Firstly, I would suggest that you ought to use a DataGridView rather than individual TextBoxes, if you have the option. You could store the data in a DataTable and bind it to the grid. The DataTable could automatically do the multiplications for you and also provide the sum on demand.

----------


## jmcilhinney

Assuming that you must use TextBoxes, I would first suggest that you add a TableLayoutPanel to the form and add your TextBoxes to that. It will handle the layout for you, plus act as a container. You can then access each TextBox in a specific column using the column index, e.g.

vb.net Code:
Dim columnIndex = 2
Dim sum = 0
 For rowIndex = 0 To TableLayoutPanel1.RowCount - 1
    Dim tb = DirectCast(TableLayoutPanel1.GetControlFromPosition(columnIndex, rowIndex), TextBox)
     sum += CInt(tb.Text)
Next
 'Use sum here.
For the record, you could use LINQ for this too make the code more concise.
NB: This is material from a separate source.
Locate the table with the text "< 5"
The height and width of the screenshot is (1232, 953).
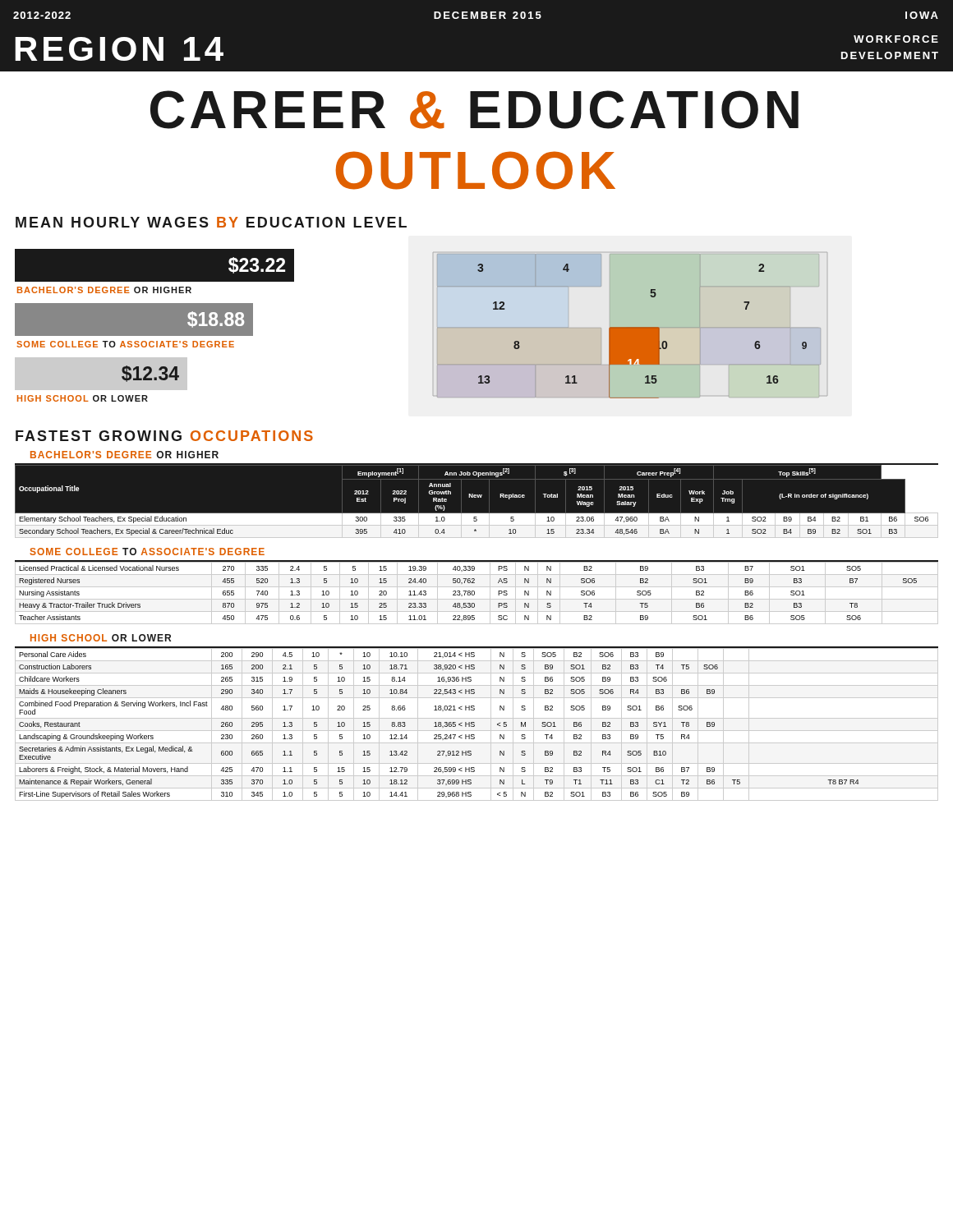476,724

You could set the Tag property of each TextBox in a column to make them easy to identify, then do something like this:

vb.net Code:
Dim sum = TableLayoutPanel1.Controls.
                            OfType(Of TextBox)().
                            Where(Function(tb) CStr(tb.Tag) = "The tag you set").
                            Sum(Function(tb) CInt(tb.Text)

----------


## surbek

Thank you for helping.
I want to print it every day and I dont really like how it looks with datagridview but I will give it a try.
I think I will use TableLayoutPanel and textboxes inside it.

What about adding and deleting rows of textboxes?
When I add a row, they must contain some code to do all the math. 
I thought i might add lets say 50 more rows, then I will have around 100 alltogether which must be enough and then i would make rows enabled/disabled or visible/hidden. 
Would that be ok?

----------


## jmcilhinney

> I want to print it every day and I dont really like how it looks with datagridview but I will give it a try.


How it looks in the grid is irrelevant to printing. You're printing the data, not the controls.



> What about adding and deleting rows of textboxes?
> When I add a row, they must contain some code to do all the math. 
> I thought i might add lets say 50 more rows, then I will have around 100 alltogether which must be enough and then i would make rows enabled/disabled or visible/hidden. 
> Would that be ok?


That's a very bad idea. That many controls is going to start making your form chug. You really should just use a grid. They are optimised for displaying large amounts of data without the overhead of a separate control for every value.

----------


## surbek

Ok, thank you.

----------